Fwd: linear and non-linear terms

Carl Pollard pollard at ling.ohio-state.edu
Tue Oct 22 03:47:55 UTC 2002


Hi Jonathan,

>
Another perspective on the issue of vacuous/multiple abstraction---in
Ivan Sag's and my book _Interrogative Investigations_ we treat
questions as propositional abstracts.  We use abstraction over sets,
which can be empty, singleton, or multiple.  This makes for simplicity
in two respects: answerhood can be characterized uniformly and
similarly retrieval/binding across all interogative construction
types, incl polar interrogatives.

Polar questions come out as 0-ary abstracts (crucially distinct from
propositions) and we derive some fairly interesting results by having our
schemas generalize to the vacuous abstraction case (e.g. "intonation
questions" are an instance of a construction type for wh-in-situ, which
arises by abstracting over no parameters, whereas cases like A: Who left?
B: Who left?  [=Are you asking who left?]  are an instance of a
construction type for echo questions, which arises by abstracting over no
parameters.)
>>

This is similar to the treatment in the simply typed lambda calculus
(with ordinary intuitionistic propositional logic as the type theory)
as long as as you follow Lawvere, Lambek etc. (not Church, Henkin,
Montague etc.) in allowing finite cartesian products (including
crucially the unit type 1 (= null cartesian product)).
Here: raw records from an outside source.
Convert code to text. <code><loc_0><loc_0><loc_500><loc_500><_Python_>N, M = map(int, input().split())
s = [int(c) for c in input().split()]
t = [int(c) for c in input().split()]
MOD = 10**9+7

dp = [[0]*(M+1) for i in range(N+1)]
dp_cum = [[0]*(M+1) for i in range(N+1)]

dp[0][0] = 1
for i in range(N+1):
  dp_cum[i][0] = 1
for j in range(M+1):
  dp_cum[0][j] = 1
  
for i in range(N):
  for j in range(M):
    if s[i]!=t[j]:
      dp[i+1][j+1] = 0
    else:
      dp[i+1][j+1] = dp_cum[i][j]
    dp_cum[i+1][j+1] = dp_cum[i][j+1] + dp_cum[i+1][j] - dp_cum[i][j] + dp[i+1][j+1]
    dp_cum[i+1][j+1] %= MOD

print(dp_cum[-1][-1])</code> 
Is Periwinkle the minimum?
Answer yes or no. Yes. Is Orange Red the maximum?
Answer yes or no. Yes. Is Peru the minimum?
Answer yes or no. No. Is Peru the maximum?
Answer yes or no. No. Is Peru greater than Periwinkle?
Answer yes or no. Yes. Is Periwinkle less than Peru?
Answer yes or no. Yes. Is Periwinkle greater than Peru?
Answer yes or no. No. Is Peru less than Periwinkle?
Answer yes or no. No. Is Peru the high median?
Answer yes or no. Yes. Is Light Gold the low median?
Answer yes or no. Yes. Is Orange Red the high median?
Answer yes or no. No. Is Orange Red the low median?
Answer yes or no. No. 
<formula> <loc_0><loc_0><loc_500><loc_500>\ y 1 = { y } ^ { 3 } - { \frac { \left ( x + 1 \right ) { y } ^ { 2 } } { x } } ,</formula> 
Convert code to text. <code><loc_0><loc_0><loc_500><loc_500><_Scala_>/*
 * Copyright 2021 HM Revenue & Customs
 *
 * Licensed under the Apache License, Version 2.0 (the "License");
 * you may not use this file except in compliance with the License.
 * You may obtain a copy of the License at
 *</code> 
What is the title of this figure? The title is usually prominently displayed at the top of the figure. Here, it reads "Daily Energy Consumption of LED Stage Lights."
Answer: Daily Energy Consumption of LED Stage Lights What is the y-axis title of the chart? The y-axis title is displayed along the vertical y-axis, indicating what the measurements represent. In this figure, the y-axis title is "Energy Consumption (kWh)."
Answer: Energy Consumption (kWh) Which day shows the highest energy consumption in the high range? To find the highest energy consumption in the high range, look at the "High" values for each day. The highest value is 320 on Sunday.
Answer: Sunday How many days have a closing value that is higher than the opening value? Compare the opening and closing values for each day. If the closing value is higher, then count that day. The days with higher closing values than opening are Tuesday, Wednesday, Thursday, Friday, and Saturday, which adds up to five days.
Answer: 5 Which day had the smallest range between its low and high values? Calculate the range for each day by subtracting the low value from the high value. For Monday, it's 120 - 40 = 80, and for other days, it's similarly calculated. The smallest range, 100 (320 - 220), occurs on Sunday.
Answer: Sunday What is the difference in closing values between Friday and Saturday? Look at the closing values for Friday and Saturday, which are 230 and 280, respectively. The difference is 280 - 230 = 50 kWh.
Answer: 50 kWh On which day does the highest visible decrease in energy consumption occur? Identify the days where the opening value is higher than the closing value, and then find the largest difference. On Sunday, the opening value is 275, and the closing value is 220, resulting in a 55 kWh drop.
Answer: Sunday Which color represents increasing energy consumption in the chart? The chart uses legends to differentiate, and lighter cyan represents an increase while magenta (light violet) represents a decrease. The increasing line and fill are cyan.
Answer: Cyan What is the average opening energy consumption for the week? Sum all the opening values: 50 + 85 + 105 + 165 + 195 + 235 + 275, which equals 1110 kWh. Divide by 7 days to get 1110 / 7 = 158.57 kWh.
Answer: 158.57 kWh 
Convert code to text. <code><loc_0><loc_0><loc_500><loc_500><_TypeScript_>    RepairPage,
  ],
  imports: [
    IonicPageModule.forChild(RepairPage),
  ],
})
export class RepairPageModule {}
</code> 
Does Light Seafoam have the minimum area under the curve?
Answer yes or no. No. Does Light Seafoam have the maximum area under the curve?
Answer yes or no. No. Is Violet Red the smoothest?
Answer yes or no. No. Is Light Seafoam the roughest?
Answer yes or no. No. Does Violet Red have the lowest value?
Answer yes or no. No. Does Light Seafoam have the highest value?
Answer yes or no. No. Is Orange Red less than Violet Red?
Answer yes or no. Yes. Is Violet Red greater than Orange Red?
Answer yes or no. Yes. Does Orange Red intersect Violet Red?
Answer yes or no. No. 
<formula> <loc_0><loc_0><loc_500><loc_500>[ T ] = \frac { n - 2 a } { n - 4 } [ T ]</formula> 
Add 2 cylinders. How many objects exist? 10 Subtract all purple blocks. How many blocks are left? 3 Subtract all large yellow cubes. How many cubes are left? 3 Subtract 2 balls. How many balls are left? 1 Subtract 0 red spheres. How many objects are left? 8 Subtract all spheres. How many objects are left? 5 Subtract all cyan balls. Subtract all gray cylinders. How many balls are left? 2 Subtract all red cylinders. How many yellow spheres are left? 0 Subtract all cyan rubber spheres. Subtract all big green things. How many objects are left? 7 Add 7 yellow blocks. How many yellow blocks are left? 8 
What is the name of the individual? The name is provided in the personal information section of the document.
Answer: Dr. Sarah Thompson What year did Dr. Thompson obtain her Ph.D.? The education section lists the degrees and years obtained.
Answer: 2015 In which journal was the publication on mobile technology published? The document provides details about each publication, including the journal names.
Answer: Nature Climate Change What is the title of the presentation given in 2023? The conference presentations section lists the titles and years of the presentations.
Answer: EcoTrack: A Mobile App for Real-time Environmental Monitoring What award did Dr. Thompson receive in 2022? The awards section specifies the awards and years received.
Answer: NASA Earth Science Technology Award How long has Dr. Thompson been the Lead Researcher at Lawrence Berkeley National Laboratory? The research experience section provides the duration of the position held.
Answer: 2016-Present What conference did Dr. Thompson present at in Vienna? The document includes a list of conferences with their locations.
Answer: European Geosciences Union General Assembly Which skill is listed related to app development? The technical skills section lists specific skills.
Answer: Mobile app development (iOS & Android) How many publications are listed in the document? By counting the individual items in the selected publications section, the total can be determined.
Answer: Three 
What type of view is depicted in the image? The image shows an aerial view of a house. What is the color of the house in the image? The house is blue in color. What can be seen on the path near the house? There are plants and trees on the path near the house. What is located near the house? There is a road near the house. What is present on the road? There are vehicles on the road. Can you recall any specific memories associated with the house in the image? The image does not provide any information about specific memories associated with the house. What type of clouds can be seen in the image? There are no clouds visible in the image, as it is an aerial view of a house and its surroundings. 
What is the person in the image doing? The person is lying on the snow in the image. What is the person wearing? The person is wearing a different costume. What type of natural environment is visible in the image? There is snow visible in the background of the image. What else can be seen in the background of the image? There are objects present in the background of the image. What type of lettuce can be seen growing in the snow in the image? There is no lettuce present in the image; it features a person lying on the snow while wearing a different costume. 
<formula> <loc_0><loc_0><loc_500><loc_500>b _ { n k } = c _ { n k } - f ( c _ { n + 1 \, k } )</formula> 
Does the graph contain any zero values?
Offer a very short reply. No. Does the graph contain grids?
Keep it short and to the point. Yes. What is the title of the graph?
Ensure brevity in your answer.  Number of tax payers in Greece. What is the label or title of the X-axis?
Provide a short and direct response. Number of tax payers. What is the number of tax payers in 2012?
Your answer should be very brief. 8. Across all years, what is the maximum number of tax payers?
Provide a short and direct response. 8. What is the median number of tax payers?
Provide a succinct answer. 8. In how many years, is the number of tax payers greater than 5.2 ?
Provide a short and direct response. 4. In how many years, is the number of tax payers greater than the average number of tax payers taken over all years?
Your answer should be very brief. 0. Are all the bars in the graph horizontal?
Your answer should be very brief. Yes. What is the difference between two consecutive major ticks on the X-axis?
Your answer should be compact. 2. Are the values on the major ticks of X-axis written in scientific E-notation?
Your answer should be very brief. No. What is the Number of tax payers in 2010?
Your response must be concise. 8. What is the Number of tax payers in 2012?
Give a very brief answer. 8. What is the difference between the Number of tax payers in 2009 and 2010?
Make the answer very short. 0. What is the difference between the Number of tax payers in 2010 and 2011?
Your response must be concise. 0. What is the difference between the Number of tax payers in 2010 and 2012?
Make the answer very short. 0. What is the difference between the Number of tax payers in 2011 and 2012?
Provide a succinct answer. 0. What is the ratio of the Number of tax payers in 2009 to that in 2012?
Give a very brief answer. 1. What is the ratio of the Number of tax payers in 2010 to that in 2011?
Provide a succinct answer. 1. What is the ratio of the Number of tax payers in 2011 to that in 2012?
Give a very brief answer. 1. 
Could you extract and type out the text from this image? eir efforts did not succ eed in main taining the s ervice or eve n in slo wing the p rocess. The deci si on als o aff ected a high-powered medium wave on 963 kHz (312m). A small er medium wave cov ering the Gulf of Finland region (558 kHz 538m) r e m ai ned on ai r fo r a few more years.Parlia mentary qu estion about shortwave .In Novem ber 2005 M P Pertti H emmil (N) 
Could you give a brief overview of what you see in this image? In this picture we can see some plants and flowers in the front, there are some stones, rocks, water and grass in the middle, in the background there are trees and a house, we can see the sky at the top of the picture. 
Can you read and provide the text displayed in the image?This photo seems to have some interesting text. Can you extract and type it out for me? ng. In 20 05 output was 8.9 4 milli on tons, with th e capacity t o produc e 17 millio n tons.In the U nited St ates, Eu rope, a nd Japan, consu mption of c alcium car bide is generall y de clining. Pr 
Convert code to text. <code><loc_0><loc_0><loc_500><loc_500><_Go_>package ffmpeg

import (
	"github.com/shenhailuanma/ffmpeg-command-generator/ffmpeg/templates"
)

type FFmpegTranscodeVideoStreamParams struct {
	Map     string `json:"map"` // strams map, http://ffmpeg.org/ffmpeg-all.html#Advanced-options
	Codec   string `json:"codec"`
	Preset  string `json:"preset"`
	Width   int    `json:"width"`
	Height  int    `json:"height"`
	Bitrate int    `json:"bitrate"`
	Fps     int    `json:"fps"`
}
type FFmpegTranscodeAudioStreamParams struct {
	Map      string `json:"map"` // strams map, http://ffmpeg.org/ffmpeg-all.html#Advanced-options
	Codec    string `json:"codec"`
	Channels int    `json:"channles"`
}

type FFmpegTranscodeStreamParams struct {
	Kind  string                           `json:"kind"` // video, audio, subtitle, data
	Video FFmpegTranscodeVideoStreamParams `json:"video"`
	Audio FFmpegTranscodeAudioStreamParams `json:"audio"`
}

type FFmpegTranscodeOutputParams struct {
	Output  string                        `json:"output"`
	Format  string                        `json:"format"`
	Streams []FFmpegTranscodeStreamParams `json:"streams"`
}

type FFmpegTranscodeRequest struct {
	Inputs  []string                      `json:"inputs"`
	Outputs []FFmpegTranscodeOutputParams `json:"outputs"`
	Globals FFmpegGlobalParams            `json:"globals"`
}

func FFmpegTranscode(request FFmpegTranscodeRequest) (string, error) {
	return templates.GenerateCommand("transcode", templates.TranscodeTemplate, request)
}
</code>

In that case,
if \phi is a closed term of type P (that is, a proposition), then the
corresponding null abstract is

   \lambda x \phi

where x is a variable of type 1. This is a closed term of type
1 => P. Of course P and 1 => P are isomorphic, with the iso |.| from
P to 1 => P being

   \lambda y. \lambda x y

i.e. |\phi| = \lambda x \phi

That is, the polar question |\phi| is the Lawvere name of the
proposition \phi. Here's the curry-eval diagram:


            1 x 1
            |    \
            |     \ \pi'
            |      \
            |       _|         N.B. \pi' is the second projection and
id x |\phi| |         1
  1         |          \       |\phi| =    curry(\phi o \pi')
            |           \ \phi         def
            |            \
           \|/            _|
      1 x (1 => P) -------> P
                   eval

>
The abstraction Ivan and I use is admittedly a somewhat non-orthodox
version (it is essentially the simultaneous abstraction operator
axiomatized in Seligman and Moss' _Situation Theory_ paper in the
Handbook of Logic and Language.), but Robin Cooper has recently showed
me how this can be recast in Martin L\"of Type Theory
>>

That stands to reason. Martin L\"of type theory can be viewed as an
extension of the simple theory of types where the types can have term
parameters, which can be existentially or universally quantified
over. (Roughly speaking that means the formulas-as-types logic is
first-order instead of propositional.) So the treatment of polar
questions I just mentioned can be done in ML type theory too. But this
in no way depends on the additional strength of ML type theory
(viz. dependent types).

But maybe you are referring to a different construction?

>
(a preliminary
version is in an appendix to our paper from this year's Edilog,
`Clarification Ellipsis in Dependent Type Theory'.).
>>

Sorry, what is Edilog? I'd like to look at this.